Extracted material START

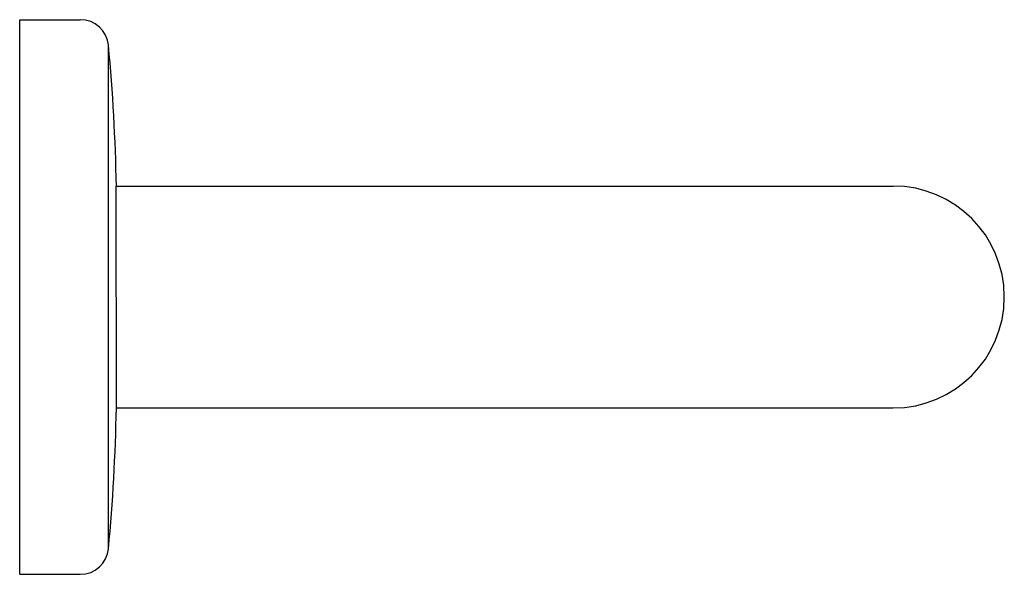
# Model space of a CAD drawing. Header units: millimetres. Extents: x 3103.6043 to 3103.6916, y 1789.9745 to 1790.0237.
import ezdxf

# ---------------------------------------------------------------- set-up
doc = ezdxf.new("R2010")
doc.units = ezdxf.units.MM
doc.layers.add('SANINDUSA', color=3, linetype='Continuous')

msp = doc.modelspace()

# ---------------------------------------------------------------- linework, layer by layer
at = {"layer": 'SANINDUSA'}
for p, q in [((3103.604302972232, 1789.974533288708), (3103.604302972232, 1790.023745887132)), ((3103.604302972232, 1790.023745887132), (3103.609678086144, 1790.023745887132)), ((3103.612176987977, 1789.97680903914), (3103.612176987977, 1790.021470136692)), ((3103.612865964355, 1790.008982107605), (3103.68176360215, 1790.008982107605)), ((3103.61287213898, 1789.989297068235), (3103.612865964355, 1790.008982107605)), ((3103.612865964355, 1789.989297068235), (3103.68176360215, 1789.989297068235)), ((3103.604302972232, 1789.974533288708), (3103.609678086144, 1789.974533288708))]:
    msp.add_line(p, q, dxfattribs=at)
for centre, radius, start, end in [((3103.609678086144, 1790.021236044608), 0.0025098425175, 5.351734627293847, 90), ((3103.447406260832, 1790.006034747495), 0.165492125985, 1.020496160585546, 5.351734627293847), ((3103.68176360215, 1789.99913958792), 0.009842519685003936, 270, 90), ((3103.447406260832, 1789.992244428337), 0.165492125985, 354.6482653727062, 358.9795038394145), ((3103.609678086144, 1789.977043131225), 0.0025098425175, 270, 354.6482653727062)]:
    msp.add_arc(centre, radius, start, end, dxfattribs=at)

doc.saveas('drawing.dxf')
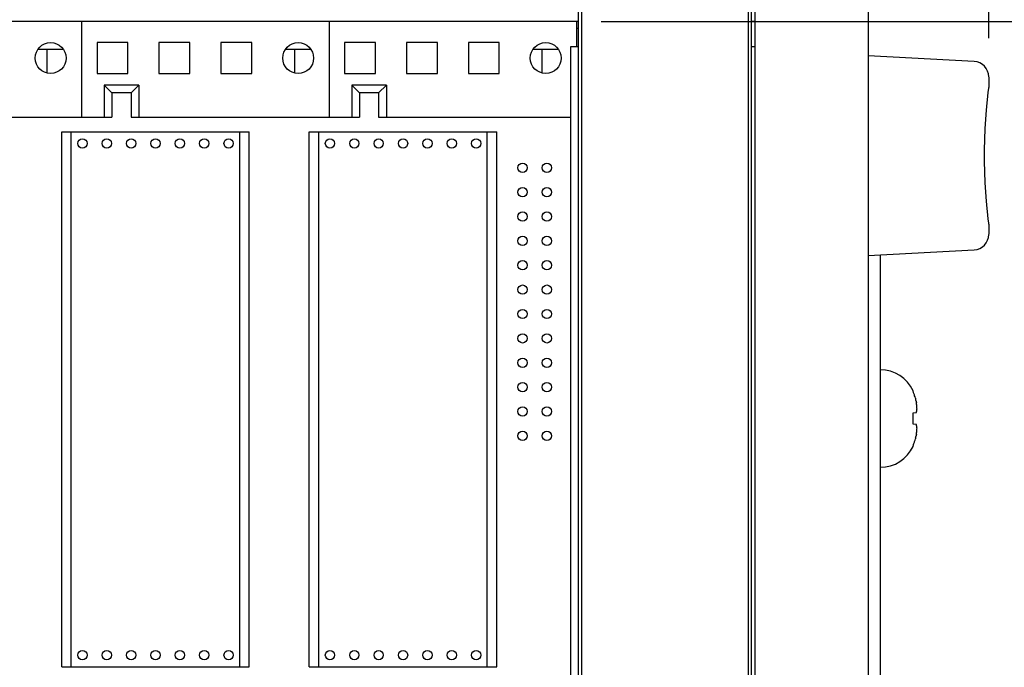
# Model space of a CAD drawing. Header units: inches. Extents: x 0 to 34, y 0 to 22.
# Tile 26 of 76: x 8.4 to 10, y 15.5 to 16.5. Entities that reach past the tile are written whole.
import ezdxf

# ---------------------------------------------------------------- set-up
doc = ezdxf.new("R2010")
doc.units = ezdxf.units.IN
doc.header["$LTSCALE"] = 1.87
doc.header["$MEASUREMENT"] = 0
doc.layers.get('0').update_dxf_attribs({"linetype": 'CONTINUOUS'})
doc.layers.add('COSMETIC', color=7, linetype='CONTINUOUS')
doc.layers.add('DIMENSIONS', color=7, linetype='CONTINUOUS')
doc.styles.get("Standard").update_dxf_attribs({"font": 'txt', "width": 0.8})
doc.dimstyles.new('DIMSTYLE_1', dxfattribs={"dimtxt": 0.125, "dimasz": 0.18, "dimexe": 0.18, "dimexo": 0.0625, "dimgap": 0.09, "dimtad": 0, "dimtih": 1, "dimtoh": 1, "dimlfac": 2, "dimzin": 4, "dimdsep": 46, "dimtxsty": 'STANDARD', "dimblk": '_FILLED', "dimblk1": '_FILLED', "dimblk2": '_FILLED', "dimcen": 0.09, "dimadec": 0, "dimazin": 0, "dimtp": 0.01, "dimtm": 0.01, "dimtfac": 1, "dimtofl": 0, "dimtmove": 0, "dimatfit": 3, "dimldrblk": '_FILLED', "dimfxl": 1, "dimtolj": 1, "dimtzin": 4, "dimarcsym": 0})

# ---------------------------------------------------------------- blocks, each defined once
blk = doc.blocks.new('_FILLED')
at = {"color": 0, "linetype": 'BYBLOCK'}
blk.add_solid([(0, 0), (-1, 0.1736), (-1, -0.1736)], dxfattribs=at)
blk = doc.blocks.new('*D4')
at = {"layer": 'DIMENSIONS', "color": 2, "linetype": 'CONTINUOUS'}
for p, q in [((4.2183, 15.7325), (4.2183, 19.5505)), ((9.9503, 18.0505), (9.9503, 19.5505)), ((4.2183, 19.4255), (7.2998, 19.4255)), ((9.9503, 19.4255), (8.7498, 19.4255)), ((9.9503, 16.5091), (9.9503, 17.8005))]:
    blk.add_line(p, q, dxfattribs=at)
at = {"layer": 'DIMENSIONS', "color": 2, "linetype": 'CONTINUOUS', "xscale": 0.18, "yscale": 0.18, "zscale": 0.18, "rotation": 180}
blk.add_blockref('_FILLED', (4.2183, 19.4255), dxfattribs=at)
at = {"layer": 'DIMENSIONS', "color": 2, "linetype": 'CONTINUOUS', "xscale": 0.18, "yscale": 0.18, "zscale": 0.18}
blk.add_blockref('_FILLED', (9.9503, 19.4255), dxfattribs=at)
at = {"layer": 'DIMENSIONS', "color": 2, "linetype": 'CONTINUOUS', "width": 0.8}
for s, p in [('[', (7.9873, 19.363)), (']', (8.5873, 19.363)), ('11.46', (7.3623, 19.363)), ('291.2', (8.0873, 19.363))]:
    blk.add_text(s, height=0.125, dxfattribs=at).set_placement(p)
blk = doc.blocks.new('*D6')
at = {"layer": 'DIMENSIONS', "color": 2, "linetype": 'CONTINUOUS'}
for p, q in [((9.3242, 16.536), (10.8253, 16.536)), ((10.7003, 16.536), (10.7003, 15.7692)), ((10.7003, 14.331), (10.7003, 15.3317)), ((9.3214, 14.331), (10.8253, 14.331))]:
    blk.add_line(p, q, dxfattribs=at)
at = {"layer": 'DIMENSIONS', "color": 2, "linetype": 'CONTINUOUS', "xscale": 0.18, "yscale": 0.18, "zscale": 0.18}
for p, rotation in [((10.7003, 16.536), 90), ((10.7003, 14.331), 270)]:
    blk.add_blockref('_FILLED', p, dxfattribs=dict(at, rotation=rotation))
at = {"layer": 'DIMENSIONS', "color": 2, "linetype": 'CONTINUOUS', "width": 0.8}
for s, p in [('4.41', (10.4503, 15.5817)), ('[', (10.4503, 15.3942)), (']', (10.8503, 15.3942)), ('112', (10.5503, 15.3942))]:
    blk.add_text(s, height=0.125, dxfattribs=at).set_placement(p)

msp = doc.modelspace()

# ---------------------------------------------------------------- linework, layer by layer
at = {"color": 7, "linetype": 'CONTINUOUS'}
for p, q in [((9.57282, 13.69122), (9.57282, 17.17622)), ((9.7553, 17.14432), (9.7553, 13.72312)), ((9.28732, 14.16801), (9.28732, 16.69751)), ((9.5668, 14.16801), (9.5668, 16.69751)), ((9.29232, 16.67776), (9.29232, 14.18776)), ((9.5618, 14.18776), (9.5618, 16.67776)), ((9.28732, 16.53597), (4.88132, 16.53597)), ((8.48432, 16.53597), (8.48432, 16.38144)), ((8.88432, 16.53597), (8.88432, 16.38144)), ((9.28432, 16.53597), (9.28432, 16.49526)), ((9.57282, 16.53597), (9.5668, 16.53597)), ((8.55932, 16.50197), (8.50932, 16.50197)), ((8.50932, 16.50197), (8.50932, 16.45197)), ((8.55932, 16.45197), (8.55932, 16.50197)), ((8.65932, 16.50197), (8.60932, 16.50197)), ((8.60932, 16.50197), (8.60932, 16.45197)), ((8.65932, 16.45197), (8.65932, 16.50197)), ((8.75932, 16.50197), (8.70932, 16.50197)), ((8.70932, 16.50197), (8.70932, 16.45197)), ((8.75932, 16.45197), (8.75932, 16.50197)), ((8.95932, 16.50197), (8.90932, 16.50197)), ((8.90932, 16.50197), (8.90932, 16.45197)), ((8.95932, 16.45197), (8.95932, 16.50197)), ((9.05932, 16.50197), (9.00932, 16.50197)), ((9.00932, 16.50197), (9.00932, 16.45197)), ((9.05932, 16.45197), (9.05932, 16.50197)), ((9.15932, 16.50197), (9.10932, 16.50197)), ((9.10932, 16.50197), (9.10932, 16.45197)), ((9.15932, 16.45197), (9.15932, 16.50197)), ((8.45467, 16.49097), (8.41397, 16.49097)), ((8.42832, 16.49097), (8.42832, 16.45295)), ((8.85467, 16.49097), (8.81397, 16.49097)), ((8.82832, 16.49097), (8.82832, 16.45295)), ((9.25467, 16.49097), (9.21397, 16.49097)), ((9.22832, 16.49097), (9.22832, 16.45295)), ((9.28732, 16.49526), (9.27419, 16.49526)), ((9.27419, 16.49526), (9.27419, 14.37026)), ((9.57282, 16.49526), (9.5668, 16.49526)), ((9.92661, 16.47142), (9.7553, 16.48039)), ((8.50932, 16.45197), (8.55932, 16.45197)), ((8.60932, 16.45197), (8.65932, 16.45197)), ((8.70932, 16.45197), (8.75932, 16.45197)), ((8.90932, 16.45197), (8.95932, 16.45197)), ((9.00932, 16.45197), (9.05932, 16.45197)), ((9.10932, 16.45197), (9.15932, 16.45197)), ((9.9503, 16.44584), (9.9503, 16.42962)), ((8.57682, 16.43331), (8.52082, 16.43331)), ((8.52082, 16.43331), (8.52082, 16.38144)), ((8.52082, 16.43331), (8.53332, 16.42081)), ((8.56432, 16.42081), (8.53332, 16.42081)), ((8.53332, 16.42081), (8.53332, 16.38144)), ((8.56432, 16.42081), (8.57682, 16.43331)), ((8.56432, 16.42081), (8.56432, 16.38144)), ((8.57682, 16.43331), (8.57682, 16.38144)), ((8.97682, 16.43331), (8.92082, 16.43331)), ((8.92082, 16.43331), (8.92082, 16.38144)), ((8.92082, 16.43331), (8.93332, 16.42081)), ((8.96432, 16.42081), (8.93332, 16.42081)), ((8.93332, 16.42081), (8.93332, 16.38144)), ((8.96432, 16.42081), (8.97682, 16.43331)), ((8.96432, 16.42081), (8.96432, 16.38144)), ((8.97682, 16.43331), (8.97682, 16.38144)), ((9.94949, 16.42191), (9.95019, 16.42779)), ((9.95019, 16.42779), (9.9503, 16.42936)), ((9.95019, 16.42779), (9.9503, 16.42936)), ((9.9503, 16.42936), (9.9503, 16.42962)), ((8.16432, 16.38144), (8.53332, 16.38144)), ((8.56432, 16.38144), (8.93332, 16.38144)), ((8.96432, 16.38144), (9.27419, 16.38144)), ((8.45225, 16.3577), (8.7554, 16.3577)), ((8.45225, 15.49353), (8.45225, 16.3577)), ((8.46775, 15.49353), (8.46775, 16.3577)), ((8.7399, 15.49353), (8.7399, 16.3577)), ((8.7554, 15.49353), (8.7554, 16.3577)), ((8.85225, 16.3577), (9.1554, 16.3577)), ((8.85225, 15.49353), (8.85225, 16.3577)), ((8.86775, 15.49353), (8.86775, 16.3577)), ((9.1399, 15.49353), (9.1399, 16.3577)), ((9.1554, 15.49353), (9.1554, 16.3577)), ((9.94949, 16.21652), (9.94868, 16.22378)), ((9.95019, 16.21065), (9.94949, 16.21653)), ((9.9503, 16.20908), (9.95019, 16.21065)), ((9.9503, 16.20908), (9.95019, 16.21065)), ((9.9503, 16.20882), (9.9503, 16.20908)), ((9.9503, 16.20882), (9.9503, 16.20908)), ((9.9503, 16.20882), (9.9503, 16.1926)), ((9.7553, 16.15805), (9.92661, 16.16703)), ((9.7753, 14.70809), (9.7753, 16.1591)), ((9.82793, 15.93842), (9.82793, 15.93936)), ((9.82793, 15.9036), (9.83331, 15.90418)), ((9.82793, 15.88534), (9.82793, 15.9036)), ((9.83331, 15.88476), (9.82793, 15.88534)), ((9.82793, 15.84959), (9.82793, 15.85053)), ((8.45225, 15.49353), (8.7554, 15.49353)), ((8.85225, 15.49353), (9.1554, 15.49353))]:
    msp.add_line(p, q, dxfattribs=at)
for points in [[(9.94394, 16.34566), (9.9446, 16.36259), (9.94552, 16.37836), (9.94658, 16.39257), (9.94768, 16.4048), (9.94868, 16.41468), (9.94949, 16.42192)], [(9.9446, 16.36254), (9.94552, 16.37832), (9.94658, 16.39253), (9.94767, 16.40477), (9.94868, 16.41466), (9.94949, 16.42191)], [(9.94394, 16.29274), (9.94358, 16.31035), (9.94359, 16.32814), (9.94394, 16.34571)], [(9.94359, 16.3103), (9.94358, 16.32809), (9.94394, 16.34566)], [(9.94658, 16.24587), (9.94552, 16.26013), (9.9446, 16.2759), (9.94394, 16.29278)], [(9.94552, 16.26009), (9.9446, 16.27585), (9.94394, 16.29274)], [(9.94868, 16.22378), (9.94767, 16.23367), (9.94658, 16.24591)], [(9.94868, 16.22376), (9.94768, 16.23364), (9.94658, 16.24587)]]:
    msp.add_lwpolyline(points, dxfattribs=at)
for centre, radius in [((8.43432, 16.47697), 0.025), ((8.83432, 16.47697), 0.025), ((9.23432, 16.47697), 0.025), ((8.48571, 16.339), 0.0075), ((8.52508, 16.339), 0.0075), ((8.56445, 16.339), 0.0075), ((8.60382, 16.339), 0.0075), ((8.64319, 16.339), 0.0075), ((8.68256, 16.339), 0.0075), ((8.72193, 16.339), 0.0075), ((8.88571, 16.339), 0.0075), ((8.92508, 16.339), 0.0075), ((8.96445, 16.339), 0.0075), ((9.00382, 16.339), 0.0075), ((9.04319, 16.339), 0.0075), ((9.08256, 16.339), 0.0075), ((9.12193, 16.339), 0.0075), ((9.19693, 16.29965), 0.0075), ((9.23628, 16.29965), 0.0075), ((9.19693, 16.26028), 0.0075), ((9.23628, 16.26028), 0.0075), ((9.19693, 16.22091), 0.0075), ((9.23628, 16.22091), 0.0075), ((9.19693, 16.18154), 0.0075), ((9.23628, 16.18154), 0.0075), ((9.19693, 16.14217), 0.0075), ((9.23628, 16.14217), 0.0075), ((9.19693, 16.1028), 0.0075), ((9.23628, 16.1028), 0.0075), ((9.19693, 16.06343), 0.0075), ((9.23628, 16.06343), 0.0075), ((9.19693, 16.02406), 0.0075), ((9.23628, 16.02406), 0.0075), ((9.19693, 15.98469), 0.0075), ((9.23628, 15.98469), 0.0075), ((9.19693, 15.94532), 0.0075), ((9.23628, 15.94532), 0.0075), ((9.19693, 15.90595), 0.0075), ((9.23628, 15.90595), 0.0075), ((9.19693, 15.86658), 0.0075), ((9.23628, 15.86658), 0.0075), ((8.48571, 15.51223), 0.0075), ((8.52508, 15.51223), 0.0075), ((8.56445, 15.51223), 0.0075), ((8.60382, 15.51223), 0.0075), ((8.64319, 15.51223), 0.0075), ((8.68256, 15.51223), 0.0075), ((8.72193, 15.51223), 0.0075), ((8.88571, 15.51223), 0.0075), ((8.92508, 15.51223), 0.0075), ((8.96445, 15.51223), 0.0075), ((9.00382, 15.51223), 0.0075), ((9.04319, 15.51223), 0.0075), ((9.08256, 15.51223), 0.0075), ((9.12193, 15.51223), 0.0075)]:
    msp.add_circle(centre, radius, dxfattribs=at)
for centre, radius, start, end in [((9.9253, 16.44645), 0.025, 0, 86.99998), ((9.9253, 16.19199), 0.025, 273.00002, 360), ((9.7753, 15.91538), 0.05783, 24.49455, 90), ((9.7753, 15.87357), 0.05783, 270, 335.50545)]:
    msp.add_arc(centre, radius, start, end, dxfattribs=at)
for points, knots in [([(9.8305, 15.93144), (9.83027, 15.93224), (9.82976, 15.93381), (9.8289, 15.93614), (9.82826, 15.93766), (9.82793, 15.93842)], [0, 0, 0, 0, 0.3345435, 0.6678421, 1, 1, 1, 1]), ([(9.8338, 15.91687), (9.8338, 15.91687), (9.83375, 15.91722), (9.83371, 15.91757), (9.83366, 15.91791)], [0, 0, 0, 0, 0.0207018, 1, 1, 1, 1]), ([(9.83399, 15.91517), (9.83399, 15.91518), (9.83396, 15.91547), (9.83393, 15.91577), (9.8339, 15.91605)], [0, 0, 0, 0, 0.0266274, 1, 1, 1, 1]), ([(9.83415, 15.91349), (9.83415, 15.91349), (9.83413, 15.91375), (9.83411, 15.91401), (9.83408, 15.91427)], [0, 0, 0, 0, 0.0261136, 1, 1, 1, 1]), ([(9.83331, 15.90418), (9.8334, 15.90453), (9.83358, 15.90521), (9.8338, 15.90624), (9.83397, 15.90709), (9.83405, 15.9076), (9.83408, 15.90777)], [0, 0, 0, 0, 0.2926046, 0.5782623, 0.8571171, 1, 1, 1, 1]), ([(9.83415, 15.90823), (9.83415, 15.90823), (9.83418, 15.90843), (9.83421, 15.90864), (9.83424, 15.90883)], [0, 0, 0, 0, 0.0196336, 1, 1, 1, 1]), ([(9.83408, 15.88116), (9.83405, 15.88135), (9.83397, 15.88187), (9.8338, 15.88273), (9.83357, 15.88375), (9.8334, 15.88442), (9.83331, 15.88476)], [0, 0, 0, 0, 0.1532131, 0.4307977, 0.7131109, 1, 1, 1, 1]), ([(9.83415, 15.88072), (9.83415, 15.88072), (9.83413, 15.88087), (9.83411, 15.88102), (9.83408, 15.88116)], [0, 0, 0, 0, 0.027667, 1, 1, 1, 1]), ([(9.83331, 15.86862), (9.83339, 15.86914), (9.83348, 15.86968), (9.83355, 15.87023), (9.83356, 15.87026)], [0, 0, 0, 0, 0.946808, 1, 1, 1, 1]), ([(9.83364, 15.87089), (9.83369, 15.87118), (9.83373, 15.87153), (9.83377, 15.87187), (9.83378, 15.87192)], [0, 0, 0, 0, 0.8643005, 1, 1, 1, 1]), ([(9.83387, 15.8727), (9.8339, 15.87294), (9.83394, 15.87324), (9.83397, 15.87354), (9.83397, 15.87359)], [0, 0, 0, 0, 0.8252452, 1, 1, 1, 1]), ([(9.83406, 15.87449), (9.83409, 15.87471), (9.83411, 15.87497), (9.83413, 15.87524), (9.83414, 15.87529)], [0, 0, 0, 0, 0.8283509, 1, 1, 1, 1]), ([(9.83423, 15.87635), (9.83424, 15.87654), (9.83426, 15.87676), (9.83427, 15.87698), (9.83428, 15.87701)], [0, 0, 0, 0, 0.8715756, 1, 1, 1, 1]), ([(9.82888, 15.85281), (9.82918, 15.85358), (9.82976, 15.85513), (9.83027, 15.85671), (9.8305, 15.8575)], [0, 0, 0, 0, 0.499068, 1, 1, 1, 1])]:
    msp.add_open_spline(points, degree=3, knots=knots, dxfattribs=at)
for points in [[(9.83167, 15.9273), (9.83131, 15.92869), (9.83092, 15.93007), (9.8305, 15.93144)], [(9.83167, 15.9273), (9.83184, 15.92665), (9.83201, 15.926), (9.83217, 15.92535)], [(9.83259, 15.9236), (9.83246, 15.92418), (9.83232, 15.92477), (9.83217, 15.92535)], [(9.83259, 15.9236), (9.83285, 15.92251), (9.83308, 15.92142), (9.83331, 15.92032)], [(9.83357, 15.91858), (9.83349, 15.91916), (9.8334, 15.91974), (9.83331, 15.92032)], [(9.83366, 15.91791), (9.83363, 15.91814), (9.8336, 15.91836), (9.83357, 15.91858)], [(9.8339, 15.91605), (9.83386, 15.91633), (9.83383, 15.9166), (9.8338, 15.91687)], [(9.83408, 15.91427), (9.83405, 15.91457), (9.83402, 15.91487), (9.83399, 15.91517)], [(9.83424, 15.91245), (9.83421, 15.9128), (9.83418, 15.91314), (9.83415, 15.91349)], [(9.83428, 15.91182), (9.83427, 15.91203), (9.83425, 15.91224), (9.83424, 15.91245)], [(9.83438, 15.91017), (9.83435, 15.91072), (9.83432, 15.91127), (9.83428, 15.91182)], [(9.83408, 15.90777), (9.83411, 15.90792), (9.83413, 15.90807), (9.83415, 15.90823)], [(9.83424, 15.90883), (9.83425, 15.90896), (9.83427, 15.90908), (9.83428, 15.9092)], [(9.83428, 15.9092), (9.83432, 15.90952), (9.83435, 15.90985), (9.83438, 15.91017)], [(9.83424, 15.8801), (9.83421, 15.8803), (9.83418, 15.88051), (9.83415, 15.88072)], [(9.83428, 15.87974), (9.83427, 15.87986), (9.83425, 15.87998), (9.83424, 15.8801)], [(9.83438, 15.87877), (9.83435, 15.8791), (9.83432, 15.87942), (9.83428, 15.87974)], [(9.83217, 15.86358), (9.83201, 15.86293), (9.83184, 15.86229), (9.83167, 15.86164)], [(9.83217, 15.86358), (9.83231, 15.86417), (9.83246, 15.86476), (9.83259, 15.86535)], [(9.83331, 15.86862), (9.83308, 15.86753), (9.83285, 15.86643), (9.83259, 15.86535)], [(9.83356, 15.87026), (9.83359, 15.87047), (9.83362, 15.87068), (9.83364, 15.87089)], [(9.83378, 15.87192), (9.83381, 15.87218), (9.83384, 15.87244), (9.83387, 15.8727)], [(9.83397, 15.87359), (9.834, 15.87389), (9.83404, 15.87419), (9.83406, 15.87449)], [(9.83414, 15.87529), (9.83417, 15.87564), (9.8342, 15.87599), (9.83423, 15.87635)], [(9.83428, 15.87701), (9.83432, 15.8776), (9.83435, 15.87819), (9.83438, 15.87877)], [(9.82793, 15.85053), (9.82826, 15.85128), (9.82858, 15.85204), (9.82888, 15.85281)], [(9.8305, 15.8575), (9.83092, 15.85887), (9.83131, 15.86026), (9.83167, 15.86164)]]:
    msp.add_open_spline(points, degree=3, dxfattribs=at)
at = {"layer": 'COSMETIC', "color": 4, "linetype": 'CONTINUOUS'}
msp.add_line((9.28732, 16.52475), (9.28432, 16.52475), dxfattribs=at)

# ---------------------------------------------------------------- dimensions: what is measured, and where the dimension line sits
at = {"layer": 'DIMENSIONS', "color": 2, "linetype": 'CONTINUOUS'}
dim = msp.add_linear_dim(base=(9.9503, 19.42547), p1=(4.21834, 15.73247), p2=(9.9503, 16.50913), dimstyle='DIMSTYLE_1', dxfattribs=at)
dim.commit()
dim.dimension.update_dxf_attribs({"geometry": '*D4', "text_midpoint": (8.02477, 19.42547), "dimtype": 160})
dim = msp.add_linear_dim(base=(10.7003, 16.53597), p1=(9.32142, 14.33097), p2=(9.32425, 16.53597), angle=90, dimstyle='DIMSTYLE_1', dxfattribs=at)
dim.commit()
dim.dimension.update_dxf_attribs({"geometry": '*D6', "text_midpoint": (10.7003, 15.55041), "dimtype": 160})

doc.saveas('drawing.dxf')

Extracted material END

Activity:
Tally up the lines holding the string "geometry" in this listing, and report the total alone.

Completed task:
2